While the obedient hackery of the legendarily foul mouthed
Paul Dacre keep
trying to wrest control of the news agenda back from Mil The Younger, and
play the victim in order to garner support for their cause (with zero success
thus far), nobody has yet noticed that the assumption underpinning so many of
the attacks on Miliband père is totally without foundation – except for
insistence and hot air.
Marx and Engels statue, Berlin
At the bear pit that is Telegraph
blogs, many contributors’ posts link to an
earlier piece by deputy editor Benedict “famous
last words” Brogan, “Whether he
hated Britain or not, Ralph Miliband was one of the Cold War's bad guys”.
Thus the game was given away in the headline: Ralph Miliband took no part in
the Cold War. So why is Brogan trying to link him to it?
Ah well. “Before 1989
the divide between the good guys and bad guys was clear, because the bad guys
were out to do us in” he goes on, which, if he means the Warsaw Pact
countries, is at best contentious and at worst mere paranoia. “Labour wanted unilateral disarmament, and
some of its members were all too willing to excuse communism and play the role
of useful idiot for the tyrants of Moscow”.
That’ll be the “fellow
traveller” myth, then. And what does this have to do with Ralph Miliband?

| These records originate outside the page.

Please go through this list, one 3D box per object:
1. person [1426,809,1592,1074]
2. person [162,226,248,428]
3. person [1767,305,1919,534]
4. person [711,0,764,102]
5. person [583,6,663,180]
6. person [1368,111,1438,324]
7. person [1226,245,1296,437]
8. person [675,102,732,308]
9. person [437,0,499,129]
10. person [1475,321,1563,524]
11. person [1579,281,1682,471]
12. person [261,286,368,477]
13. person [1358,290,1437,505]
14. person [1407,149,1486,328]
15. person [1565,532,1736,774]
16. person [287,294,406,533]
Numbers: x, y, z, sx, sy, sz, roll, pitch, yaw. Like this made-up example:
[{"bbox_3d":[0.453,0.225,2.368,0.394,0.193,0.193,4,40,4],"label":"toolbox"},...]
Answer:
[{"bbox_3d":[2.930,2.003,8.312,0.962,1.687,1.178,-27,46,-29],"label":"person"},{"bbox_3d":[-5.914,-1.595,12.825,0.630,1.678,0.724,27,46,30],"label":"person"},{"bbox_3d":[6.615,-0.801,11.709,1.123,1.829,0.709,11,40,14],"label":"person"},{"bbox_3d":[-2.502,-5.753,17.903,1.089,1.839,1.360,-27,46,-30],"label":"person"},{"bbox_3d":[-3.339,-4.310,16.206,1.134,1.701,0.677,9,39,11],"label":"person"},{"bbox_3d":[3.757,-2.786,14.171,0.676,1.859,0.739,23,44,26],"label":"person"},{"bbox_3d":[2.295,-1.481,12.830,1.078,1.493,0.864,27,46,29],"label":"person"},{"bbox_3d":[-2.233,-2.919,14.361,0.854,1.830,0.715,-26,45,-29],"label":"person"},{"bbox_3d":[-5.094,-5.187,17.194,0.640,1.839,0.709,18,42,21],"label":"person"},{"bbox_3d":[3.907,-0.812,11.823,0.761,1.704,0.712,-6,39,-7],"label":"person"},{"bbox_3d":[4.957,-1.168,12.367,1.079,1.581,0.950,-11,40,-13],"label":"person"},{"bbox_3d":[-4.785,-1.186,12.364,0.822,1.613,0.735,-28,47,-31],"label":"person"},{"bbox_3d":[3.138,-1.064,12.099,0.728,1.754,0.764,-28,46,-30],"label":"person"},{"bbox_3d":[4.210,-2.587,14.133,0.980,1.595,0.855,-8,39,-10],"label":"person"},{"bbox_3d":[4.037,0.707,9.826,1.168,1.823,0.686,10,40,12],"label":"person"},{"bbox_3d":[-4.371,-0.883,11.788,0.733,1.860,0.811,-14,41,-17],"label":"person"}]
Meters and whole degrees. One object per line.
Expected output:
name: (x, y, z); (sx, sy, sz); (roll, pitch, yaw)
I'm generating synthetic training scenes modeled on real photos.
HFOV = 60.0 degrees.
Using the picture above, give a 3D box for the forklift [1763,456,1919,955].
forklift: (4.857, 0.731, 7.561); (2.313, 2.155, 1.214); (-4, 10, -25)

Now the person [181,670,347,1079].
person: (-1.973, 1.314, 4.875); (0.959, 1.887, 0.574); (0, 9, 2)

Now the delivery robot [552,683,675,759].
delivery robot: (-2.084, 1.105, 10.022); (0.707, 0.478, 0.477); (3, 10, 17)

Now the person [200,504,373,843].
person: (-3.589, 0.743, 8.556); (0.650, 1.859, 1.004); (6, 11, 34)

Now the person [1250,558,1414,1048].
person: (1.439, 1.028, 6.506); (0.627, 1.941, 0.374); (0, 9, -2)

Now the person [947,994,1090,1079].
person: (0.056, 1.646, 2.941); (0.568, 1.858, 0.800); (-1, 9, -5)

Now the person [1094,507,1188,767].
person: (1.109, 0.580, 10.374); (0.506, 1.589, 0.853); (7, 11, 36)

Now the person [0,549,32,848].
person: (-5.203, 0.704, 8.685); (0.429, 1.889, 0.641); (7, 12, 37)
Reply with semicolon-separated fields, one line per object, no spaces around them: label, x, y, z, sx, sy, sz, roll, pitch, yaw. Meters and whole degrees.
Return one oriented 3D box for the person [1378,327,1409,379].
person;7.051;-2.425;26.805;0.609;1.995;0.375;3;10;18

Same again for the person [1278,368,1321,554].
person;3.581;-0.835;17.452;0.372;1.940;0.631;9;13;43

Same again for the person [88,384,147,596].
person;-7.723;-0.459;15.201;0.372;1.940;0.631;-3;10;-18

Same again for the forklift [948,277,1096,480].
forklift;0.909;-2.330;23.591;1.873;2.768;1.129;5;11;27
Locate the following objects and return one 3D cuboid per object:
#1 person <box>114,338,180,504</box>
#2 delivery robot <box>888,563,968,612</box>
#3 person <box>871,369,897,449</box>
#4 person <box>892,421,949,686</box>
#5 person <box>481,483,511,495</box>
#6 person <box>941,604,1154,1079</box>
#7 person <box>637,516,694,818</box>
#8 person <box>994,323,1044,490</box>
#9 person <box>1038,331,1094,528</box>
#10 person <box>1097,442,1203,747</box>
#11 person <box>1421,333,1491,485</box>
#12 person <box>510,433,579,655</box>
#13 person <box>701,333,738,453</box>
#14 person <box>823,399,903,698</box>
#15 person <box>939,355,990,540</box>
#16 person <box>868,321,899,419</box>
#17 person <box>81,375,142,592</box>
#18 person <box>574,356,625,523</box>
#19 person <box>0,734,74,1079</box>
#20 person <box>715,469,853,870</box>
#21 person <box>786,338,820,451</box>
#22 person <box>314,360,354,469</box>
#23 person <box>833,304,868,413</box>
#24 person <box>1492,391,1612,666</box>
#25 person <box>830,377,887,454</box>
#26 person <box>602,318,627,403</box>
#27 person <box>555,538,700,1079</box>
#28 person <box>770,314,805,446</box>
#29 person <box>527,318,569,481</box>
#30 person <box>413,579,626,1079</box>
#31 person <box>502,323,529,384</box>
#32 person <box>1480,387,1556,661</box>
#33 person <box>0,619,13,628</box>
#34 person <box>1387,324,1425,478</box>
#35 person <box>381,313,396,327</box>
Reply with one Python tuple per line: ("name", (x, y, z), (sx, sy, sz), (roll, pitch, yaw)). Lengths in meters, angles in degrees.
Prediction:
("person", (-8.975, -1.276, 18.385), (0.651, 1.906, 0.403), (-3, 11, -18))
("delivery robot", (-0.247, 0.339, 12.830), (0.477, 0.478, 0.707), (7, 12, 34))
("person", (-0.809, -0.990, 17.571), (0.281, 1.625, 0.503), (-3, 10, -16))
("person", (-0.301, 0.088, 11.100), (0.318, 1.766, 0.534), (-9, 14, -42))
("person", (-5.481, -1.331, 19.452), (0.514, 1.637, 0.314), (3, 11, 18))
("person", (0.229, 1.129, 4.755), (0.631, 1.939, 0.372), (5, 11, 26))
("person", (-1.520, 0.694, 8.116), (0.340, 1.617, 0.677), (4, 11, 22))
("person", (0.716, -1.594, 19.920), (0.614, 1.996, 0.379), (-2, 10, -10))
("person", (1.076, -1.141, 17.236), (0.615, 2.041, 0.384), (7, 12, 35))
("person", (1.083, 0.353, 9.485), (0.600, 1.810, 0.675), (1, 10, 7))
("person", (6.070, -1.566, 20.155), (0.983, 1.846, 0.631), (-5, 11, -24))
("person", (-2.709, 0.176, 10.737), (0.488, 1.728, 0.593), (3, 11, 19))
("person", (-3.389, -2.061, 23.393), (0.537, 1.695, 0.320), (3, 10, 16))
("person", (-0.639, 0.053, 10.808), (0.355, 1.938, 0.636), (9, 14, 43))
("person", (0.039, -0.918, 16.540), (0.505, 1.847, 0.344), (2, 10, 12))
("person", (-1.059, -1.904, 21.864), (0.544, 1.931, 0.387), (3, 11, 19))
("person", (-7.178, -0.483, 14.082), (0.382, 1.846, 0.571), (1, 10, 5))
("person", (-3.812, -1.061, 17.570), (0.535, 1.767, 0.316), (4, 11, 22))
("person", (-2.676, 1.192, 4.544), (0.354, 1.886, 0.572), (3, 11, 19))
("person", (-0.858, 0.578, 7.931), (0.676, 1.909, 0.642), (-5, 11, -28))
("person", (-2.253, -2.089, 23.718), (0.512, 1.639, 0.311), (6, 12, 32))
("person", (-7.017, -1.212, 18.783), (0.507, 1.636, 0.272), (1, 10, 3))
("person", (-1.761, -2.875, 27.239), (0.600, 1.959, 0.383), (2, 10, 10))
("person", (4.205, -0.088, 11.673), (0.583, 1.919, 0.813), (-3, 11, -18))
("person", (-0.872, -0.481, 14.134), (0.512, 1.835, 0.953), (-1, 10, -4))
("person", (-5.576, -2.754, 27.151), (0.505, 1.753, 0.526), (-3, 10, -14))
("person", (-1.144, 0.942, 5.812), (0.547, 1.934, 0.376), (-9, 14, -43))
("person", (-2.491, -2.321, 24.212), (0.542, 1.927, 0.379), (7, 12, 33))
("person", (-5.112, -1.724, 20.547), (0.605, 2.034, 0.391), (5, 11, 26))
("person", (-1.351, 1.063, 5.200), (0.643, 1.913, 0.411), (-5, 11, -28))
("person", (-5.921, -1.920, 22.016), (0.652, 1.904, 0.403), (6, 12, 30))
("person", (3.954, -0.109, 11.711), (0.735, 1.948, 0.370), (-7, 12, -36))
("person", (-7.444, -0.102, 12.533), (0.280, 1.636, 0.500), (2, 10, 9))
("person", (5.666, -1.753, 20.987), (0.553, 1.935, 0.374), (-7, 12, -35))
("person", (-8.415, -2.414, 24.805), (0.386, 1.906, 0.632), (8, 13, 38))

Here goes: “back then, he was one of the
bad guys ... the key point surely is that Marxism hated – hates – Britain ... before
the Marxists ... lost the argument, it wasn't just some academic debate: it was
deadly serious ... Ralph Miliband ... was on the side of those who wanted to turn
Britain into something dreadful”.
The assumption is that Marxism equals what was practiced in
the Soviet Union and its satellite states, and that Miliband père supported that. And this is total bullshit on both counts. Marxism does
not equal totalitarianism or dictatorship, and Ralph Miliband went on record
frequently to denounce such practices. His Marxism was one rooted in democracy –
Brogan’s own paper says so.
Sadly, without the
Soviet connection, the idea that Ralph Miliband was some kind of fellow traveller
collapses, and much of the knocking copy with it, for instance the
smear job by Michael Burleigh in the Mail,
where he tries to link Miliband père to Josef Stalin, because he knew someone
who was a member of the Communist Party. That’s how lame the basis for much of
this really is.
The singularly
unsavoury Rod Liddle does not rise above that level: other than to suggest that
Ralph Miliband wasn’t a very good writer, he
asserts that “when Miliband
began his work” Marxism “was a potent threat to our way of life”.
Again, the Cold War Soviet false assumption. Only by assuming that Miliband père supported something he definitely did not support can the assertion be
stood up.
That is why most of
this knocking copy is so much rubbish. No
change there, then.
Any chance of some digging into Quentin letts (not) statement that Ralph miliband wanted us to lose the Falklands War.